"I've always loved War's Low Rider and Sly Stone's Thank You, and I just wanted to put my take on them"
About this Quote
Barry White’s charm was never that he reinvented the wheel; it’s that he could make the wheel feel like it was invented for you. When he says he’s always loved War’s “Low Rider” and Sly Stone’s “Thank You (Falettinme Be Mice Elf Agin),” he’s placing himself inside a very specific lineage: West Coast funk as a language of cool, swagger, and community. These aren’t random favorites. They’re canonical grooves with instantly recognizable DNA - street-level attitude, tight rhythm sections, jokes in the pocket.
The key phrase is “my take.” It’s casual on the surface, but it’s a statement of artistic authority. White isn’t apologizing for borrowing; he’s describing the normal way Black popular music evolves: through revision, reinterpretation, and taste. He’s also hinting at something strategic. Covering (or reworking) beloved tracks lets an artist tap into a shared memory while shifting the emotional temperature. War and Sly are lean, sharp, and playful; Barry White is velvet and gravity. His “take” promises to slow the groove down, thicken it, romanticize it - less cruising the boulevard, more turning the car into a private room.

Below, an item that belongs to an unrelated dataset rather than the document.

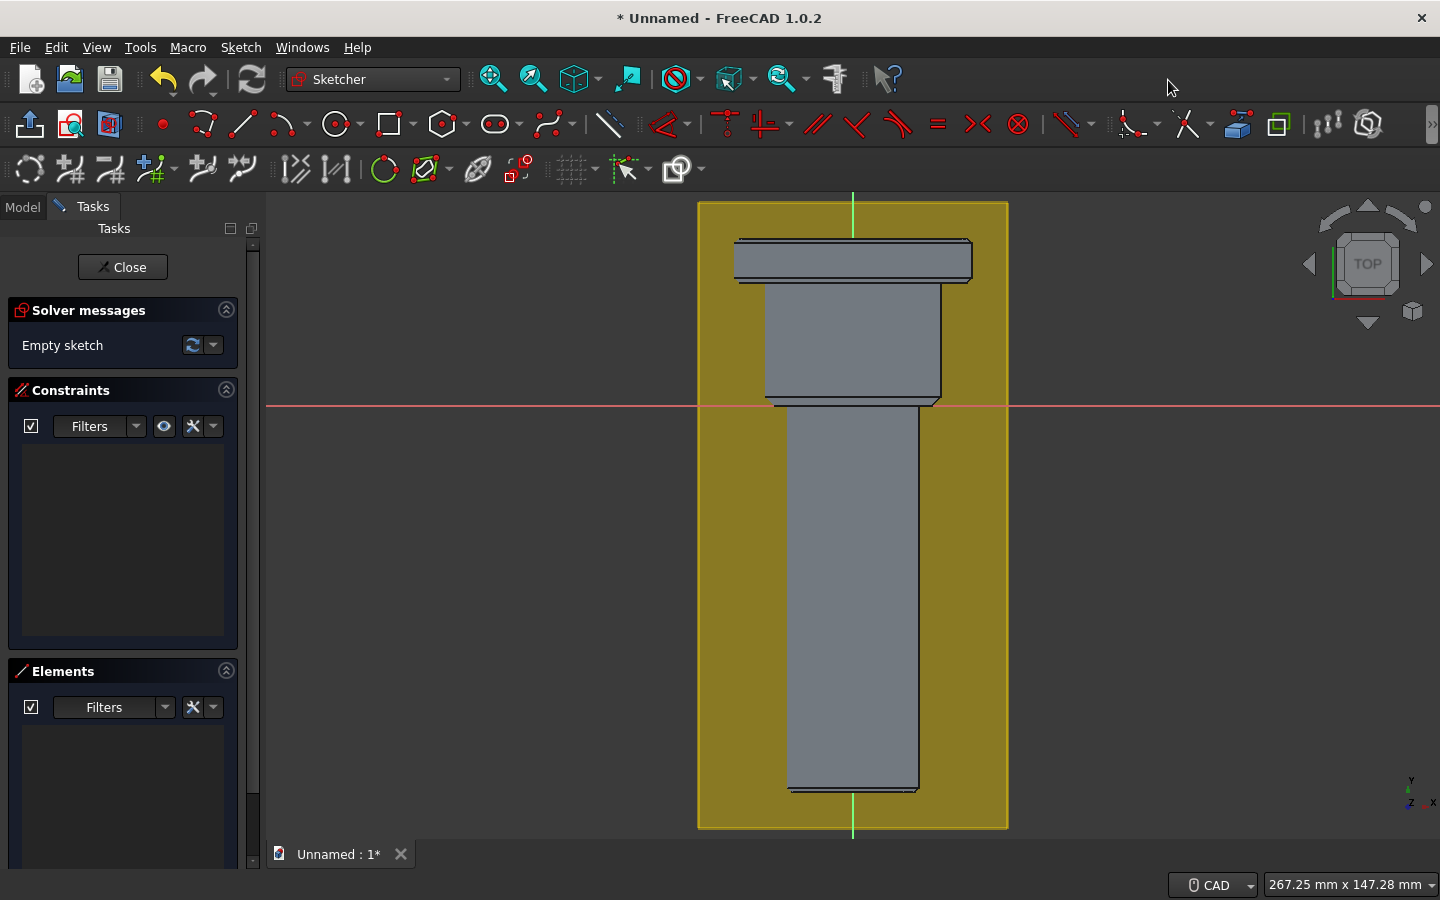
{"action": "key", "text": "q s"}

There’s cultural confidence here too. White is often boxed as the “lover-man” voice, but citing these songs signals he’s a funk head, not just a balladeer. It’s a reminder that his persona wasn’t separate from the era’s funk experimentation; it was one branch of it, built to travel farther on radio, in bedrooms, in the mainstream.
The key phrase is “my take.” It’s casual on the surface, but it’s a statement of artistic authority. White isn’t apologizing for borrowing; he’s describing the normal way Black popular music evolves: through revision, reinterpretation, and taste. He’s also hinting at something strategic. Covering (or reworking) beloved tracks lets an artist tap into a shared memory while shifting the emotional temperature. War and Sly are lean, sharp, and playful; Barry White is velvet and gravity. His “take” promises to slow the groove down, thicken it, romanticize it - less cruising the boulevard, more turning the car into a private room.
There’s cultural confidence here too. White is often boxed as the “lover-man” voice, but citing these songs signals he’s a funk head, not just a balladeer. It’s a reminder that his persona wasn’t separate from the era’s funk experimentation; it was one branch of it, built to travel farther on radio, in bedrooms, in the mainstream.